WHAT YOU NEED TO DO:
The lines to copy run from the one containing "I need the written" to the last line of the entries; output those lines exactly and only them, without pictures.

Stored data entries
Content starts

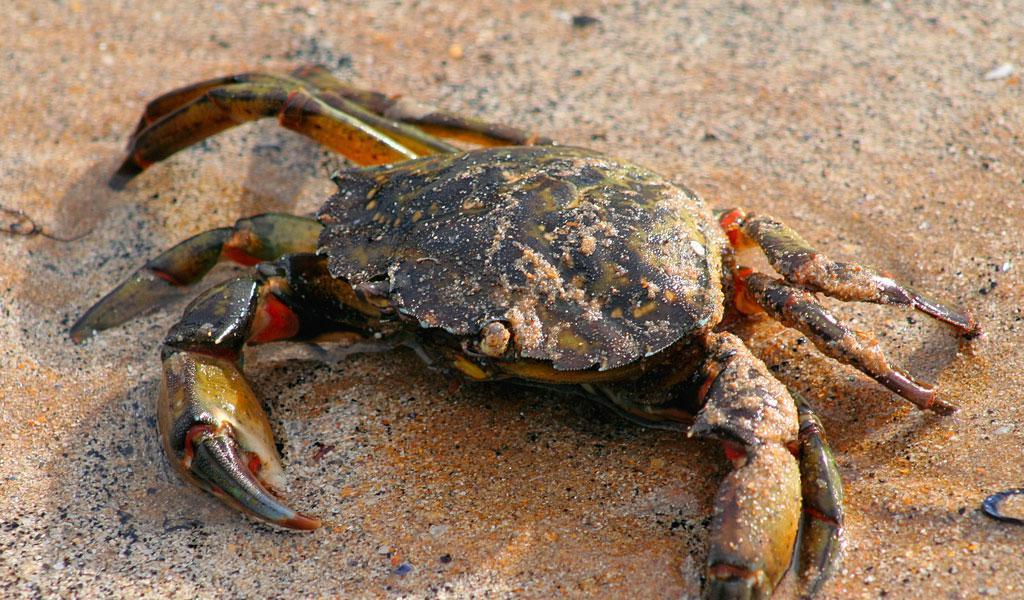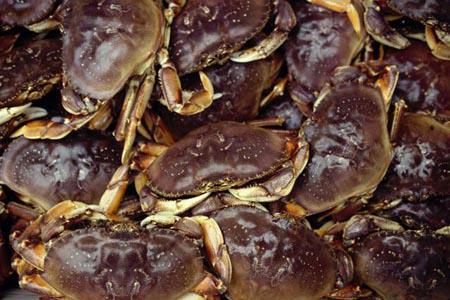The first image is the image on the left, the second image is the image on the right. For the images shown, is this caption "The right image contains one animal." true? Answer yes or no. No. The first image is the image on the left, the second image is the image on the right. For the images shown, is this caption "Eight or fewer crabs are visible." true? Answer yes or no. No. 
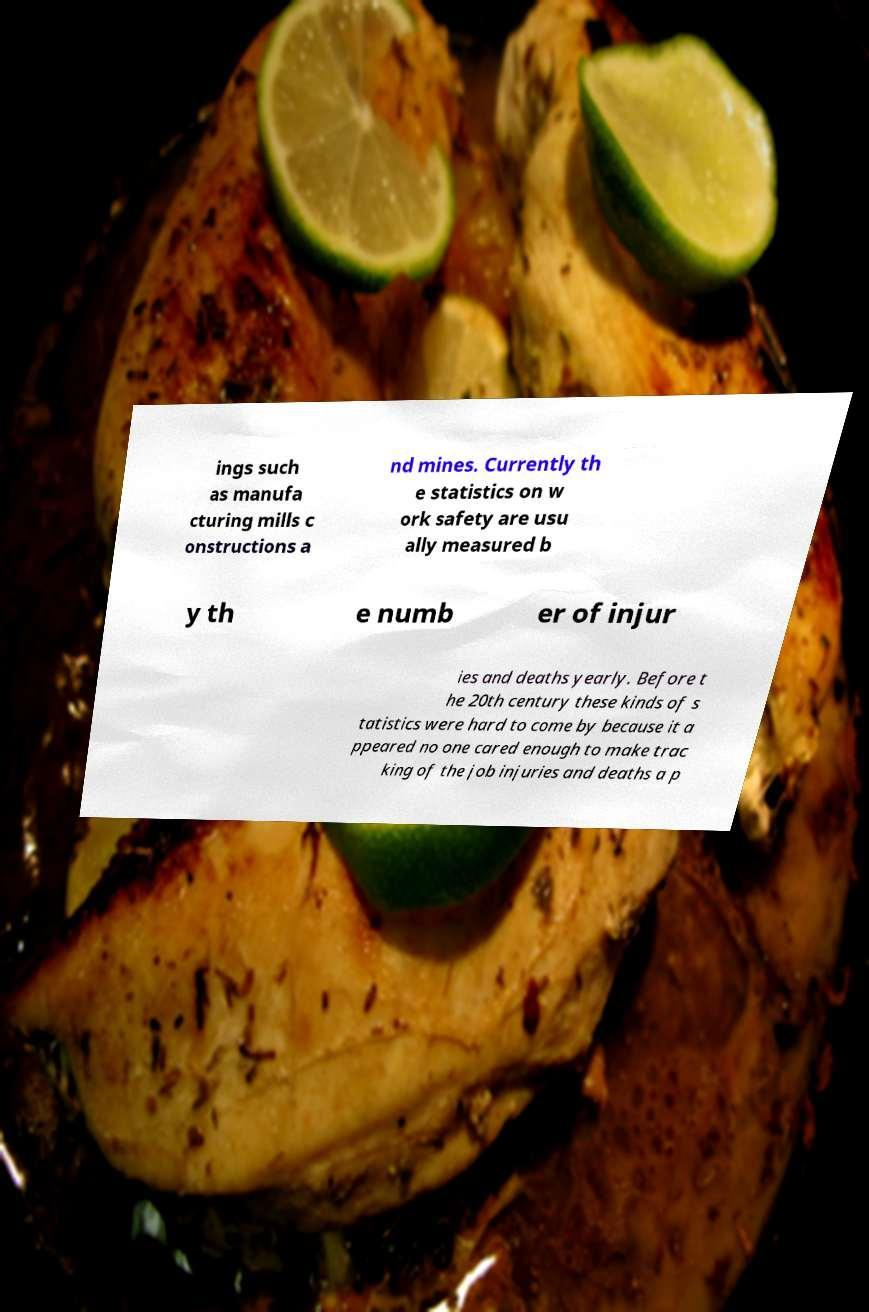I need the written content from this picture converted into text. Can you do that? ings such as manufa cturing mills c onstructions a nd mines. Currently th e statistics on w ork safety are usu ally measured b y th e numb er of injur ies and deaths yearly. Before t he 20th century these kinds of s tatistics were hard to come by because it a ppeared no one cared enough to make trac king of the job injuries and deaths a p 
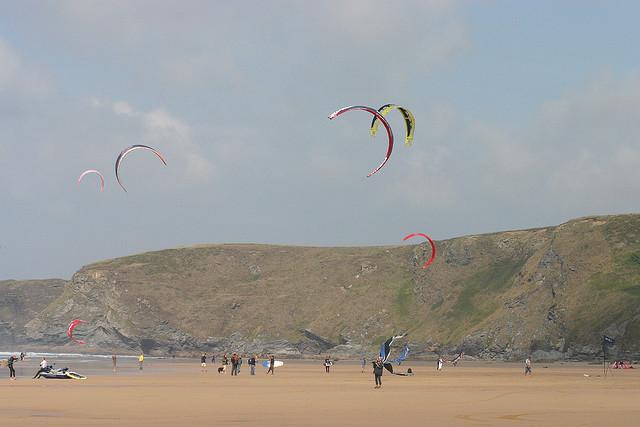How many red kites are there?
Write a very short answer. 2. What are the people doing?
Concise answer only. Flying kites. Are kites aerodynamic?
Short answer required. Yes. How many bikes are here?
Write a very short answer. 0. What activity is taking place?
Quick response, please. Kite flying. Are there people on the beach?
Give a very brief answer. Yes.

Content ends

TASK OUTPUT:
I need the written content from this picture converted into text. Can you do that? ings such as manufa cturing mills c onstructions a nd mines. Currently th e statistics on w ork safety are usu ally measured b y th e numb er of injur ies and deaths yearly. Before t he 20th century these kinds of s tatistics were hard to come by because it a ppeared no one cared enough to make trac king of the job injuries and deaths a p 
How many red kites are there?
Write a very short answer. 2. What are the people doing?
Concise answer only. Flying kites. Are kites aerodynamic?
Short answer required. Yes. How many bikes are here?
Write a very short answer. 0. What activity is taking place?
Quick response, please. Kite flying. Are there people on the beach?
Give a very brief answer. Yes.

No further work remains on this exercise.